Problem details:
Output range, inclusive: from the line containing "Provide a short and direct response. 3.21e+05." to the line containing "In one or two". Restate those lines from the data below word for word and only those.

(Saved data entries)
------------------------------------------------

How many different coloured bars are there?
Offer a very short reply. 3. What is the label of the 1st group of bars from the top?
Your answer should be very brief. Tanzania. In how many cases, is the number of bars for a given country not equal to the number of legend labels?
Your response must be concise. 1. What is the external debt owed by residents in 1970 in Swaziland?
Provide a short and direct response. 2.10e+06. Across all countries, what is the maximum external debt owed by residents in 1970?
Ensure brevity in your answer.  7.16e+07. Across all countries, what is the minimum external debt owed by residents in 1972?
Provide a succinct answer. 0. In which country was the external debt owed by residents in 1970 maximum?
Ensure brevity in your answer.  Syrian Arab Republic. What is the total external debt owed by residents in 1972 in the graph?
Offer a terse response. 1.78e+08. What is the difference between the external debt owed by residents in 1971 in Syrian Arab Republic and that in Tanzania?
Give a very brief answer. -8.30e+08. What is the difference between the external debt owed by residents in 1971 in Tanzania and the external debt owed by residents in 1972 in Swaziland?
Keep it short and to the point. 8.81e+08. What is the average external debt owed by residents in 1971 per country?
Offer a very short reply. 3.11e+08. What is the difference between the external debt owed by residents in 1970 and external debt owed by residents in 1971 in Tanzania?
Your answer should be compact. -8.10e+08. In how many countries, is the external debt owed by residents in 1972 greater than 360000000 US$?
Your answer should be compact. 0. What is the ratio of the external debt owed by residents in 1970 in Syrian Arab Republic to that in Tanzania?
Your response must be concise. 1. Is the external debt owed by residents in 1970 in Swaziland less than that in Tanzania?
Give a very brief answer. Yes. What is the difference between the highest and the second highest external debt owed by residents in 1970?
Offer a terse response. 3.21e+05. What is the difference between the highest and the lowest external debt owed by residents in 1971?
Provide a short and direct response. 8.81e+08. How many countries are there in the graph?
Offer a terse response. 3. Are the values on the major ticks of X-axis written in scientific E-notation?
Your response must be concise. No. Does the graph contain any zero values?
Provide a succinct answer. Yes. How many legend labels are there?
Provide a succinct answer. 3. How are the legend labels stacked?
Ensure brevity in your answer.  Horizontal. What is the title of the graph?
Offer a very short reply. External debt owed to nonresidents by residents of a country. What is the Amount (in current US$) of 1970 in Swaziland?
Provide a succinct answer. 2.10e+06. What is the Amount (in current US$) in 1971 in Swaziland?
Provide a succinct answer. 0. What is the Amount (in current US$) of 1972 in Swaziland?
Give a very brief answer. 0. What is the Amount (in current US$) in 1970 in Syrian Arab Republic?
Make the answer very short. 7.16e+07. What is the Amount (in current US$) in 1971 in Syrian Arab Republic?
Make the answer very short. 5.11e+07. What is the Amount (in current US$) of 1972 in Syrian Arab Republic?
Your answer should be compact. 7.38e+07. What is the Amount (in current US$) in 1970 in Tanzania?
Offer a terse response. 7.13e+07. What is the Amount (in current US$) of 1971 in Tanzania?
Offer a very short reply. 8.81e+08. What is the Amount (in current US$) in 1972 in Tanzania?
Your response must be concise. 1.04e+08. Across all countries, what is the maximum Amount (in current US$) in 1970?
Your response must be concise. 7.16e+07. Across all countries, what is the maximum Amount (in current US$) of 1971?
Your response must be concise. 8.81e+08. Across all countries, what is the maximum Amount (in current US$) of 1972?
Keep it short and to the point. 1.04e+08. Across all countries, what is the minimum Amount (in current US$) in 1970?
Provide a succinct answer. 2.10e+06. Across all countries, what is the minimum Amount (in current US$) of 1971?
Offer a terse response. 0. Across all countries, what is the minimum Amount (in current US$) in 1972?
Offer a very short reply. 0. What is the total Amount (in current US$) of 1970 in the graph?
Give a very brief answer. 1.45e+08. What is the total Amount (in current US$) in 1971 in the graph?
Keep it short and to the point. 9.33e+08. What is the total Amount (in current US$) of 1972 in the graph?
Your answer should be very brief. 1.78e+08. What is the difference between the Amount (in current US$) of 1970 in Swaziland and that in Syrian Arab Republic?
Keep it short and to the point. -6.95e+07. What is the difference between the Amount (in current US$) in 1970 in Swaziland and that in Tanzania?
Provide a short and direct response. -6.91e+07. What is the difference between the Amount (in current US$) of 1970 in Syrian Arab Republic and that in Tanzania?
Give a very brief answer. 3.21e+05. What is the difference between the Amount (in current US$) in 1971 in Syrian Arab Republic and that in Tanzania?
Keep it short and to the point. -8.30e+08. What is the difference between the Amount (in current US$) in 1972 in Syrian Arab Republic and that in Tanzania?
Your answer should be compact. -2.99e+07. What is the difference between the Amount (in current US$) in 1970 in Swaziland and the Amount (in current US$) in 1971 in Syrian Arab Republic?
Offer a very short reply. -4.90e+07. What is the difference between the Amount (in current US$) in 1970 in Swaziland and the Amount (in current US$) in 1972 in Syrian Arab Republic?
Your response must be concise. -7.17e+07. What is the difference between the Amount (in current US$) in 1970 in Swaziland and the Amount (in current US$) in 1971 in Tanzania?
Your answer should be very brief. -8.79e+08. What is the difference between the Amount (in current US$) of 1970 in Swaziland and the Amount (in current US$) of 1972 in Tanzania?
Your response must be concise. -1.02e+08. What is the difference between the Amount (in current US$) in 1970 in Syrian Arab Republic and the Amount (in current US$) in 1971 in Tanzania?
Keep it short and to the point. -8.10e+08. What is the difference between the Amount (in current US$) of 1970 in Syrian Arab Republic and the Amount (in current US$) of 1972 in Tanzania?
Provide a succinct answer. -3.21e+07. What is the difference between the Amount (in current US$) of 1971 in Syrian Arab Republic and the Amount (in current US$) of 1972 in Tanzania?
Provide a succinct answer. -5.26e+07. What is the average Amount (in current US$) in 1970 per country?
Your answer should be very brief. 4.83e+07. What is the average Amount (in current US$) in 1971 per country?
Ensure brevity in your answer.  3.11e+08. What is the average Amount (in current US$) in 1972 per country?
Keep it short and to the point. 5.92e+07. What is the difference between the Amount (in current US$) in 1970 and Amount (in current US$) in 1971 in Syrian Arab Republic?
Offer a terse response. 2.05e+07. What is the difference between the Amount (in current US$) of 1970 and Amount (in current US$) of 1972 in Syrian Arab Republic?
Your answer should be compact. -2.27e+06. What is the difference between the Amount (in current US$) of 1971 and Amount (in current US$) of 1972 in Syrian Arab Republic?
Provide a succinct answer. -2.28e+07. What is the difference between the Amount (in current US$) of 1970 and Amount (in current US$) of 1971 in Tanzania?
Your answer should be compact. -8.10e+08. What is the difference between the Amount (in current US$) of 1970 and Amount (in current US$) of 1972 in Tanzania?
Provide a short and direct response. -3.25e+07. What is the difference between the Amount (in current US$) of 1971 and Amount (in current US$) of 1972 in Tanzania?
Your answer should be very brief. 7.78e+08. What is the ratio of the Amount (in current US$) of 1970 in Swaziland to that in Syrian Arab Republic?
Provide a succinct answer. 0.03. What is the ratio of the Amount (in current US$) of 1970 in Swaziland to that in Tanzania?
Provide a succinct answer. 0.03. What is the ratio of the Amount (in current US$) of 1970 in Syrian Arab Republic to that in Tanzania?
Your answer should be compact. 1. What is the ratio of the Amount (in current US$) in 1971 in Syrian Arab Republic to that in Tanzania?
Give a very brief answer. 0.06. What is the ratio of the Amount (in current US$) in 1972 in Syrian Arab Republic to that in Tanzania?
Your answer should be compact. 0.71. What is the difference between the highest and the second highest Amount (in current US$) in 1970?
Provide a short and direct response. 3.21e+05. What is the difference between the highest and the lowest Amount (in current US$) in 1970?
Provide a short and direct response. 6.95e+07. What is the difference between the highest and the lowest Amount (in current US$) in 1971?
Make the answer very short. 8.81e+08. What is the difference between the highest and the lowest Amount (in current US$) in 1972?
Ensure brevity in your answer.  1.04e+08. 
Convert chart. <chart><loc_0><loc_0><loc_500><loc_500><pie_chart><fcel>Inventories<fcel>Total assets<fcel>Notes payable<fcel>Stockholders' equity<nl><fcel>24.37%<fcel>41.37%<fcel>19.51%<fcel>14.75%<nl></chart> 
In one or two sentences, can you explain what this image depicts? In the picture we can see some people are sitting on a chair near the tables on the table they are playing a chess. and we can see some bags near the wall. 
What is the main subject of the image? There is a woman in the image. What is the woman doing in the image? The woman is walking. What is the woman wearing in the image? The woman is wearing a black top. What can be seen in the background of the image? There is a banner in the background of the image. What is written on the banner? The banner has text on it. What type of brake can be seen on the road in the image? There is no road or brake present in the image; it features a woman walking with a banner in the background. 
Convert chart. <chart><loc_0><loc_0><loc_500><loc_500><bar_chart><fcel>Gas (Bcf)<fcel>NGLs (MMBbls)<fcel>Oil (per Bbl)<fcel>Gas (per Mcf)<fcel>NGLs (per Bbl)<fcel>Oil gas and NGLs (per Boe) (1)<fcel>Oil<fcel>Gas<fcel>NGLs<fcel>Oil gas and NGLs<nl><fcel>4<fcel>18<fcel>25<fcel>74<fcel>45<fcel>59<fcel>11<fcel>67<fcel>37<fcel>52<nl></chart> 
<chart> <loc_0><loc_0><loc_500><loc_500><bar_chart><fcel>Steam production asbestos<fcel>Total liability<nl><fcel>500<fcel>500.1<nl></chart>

------------------------------------------------

Exercise solution:
Provide a short and direct response. 3.21e+05. What is the difference between the highest and the lowest Amount (in current US$) in 1970?
Provide a short and direct response. 6.95e+07. What is the difference between the highest and the lowest Amount (in current US$) in 1971?
Make the answer very short. 8.81e+08. What is the difference between the highest and the lowest Amount (in current US$) in 1972?
Ensure brevity in your answer.  1.04e+08. 
Convert chart. <chart><loc_0><loc_0><loc_500><loc_500><pie_chart><fcel>Inventories<fcel>Total assets<fcel>Notes payable<fcel>Stockholders' equity<nl><fcel>24.37%<fcel>41.37%<fcel>19.51%<fcel>14.75%<nl></chart> 
In one or two sentences, can you explain what this image depicts? In the picture we can see some people are sitting on a chair near the tables on the table they are playing a chess. and we can see some bags near the wall. 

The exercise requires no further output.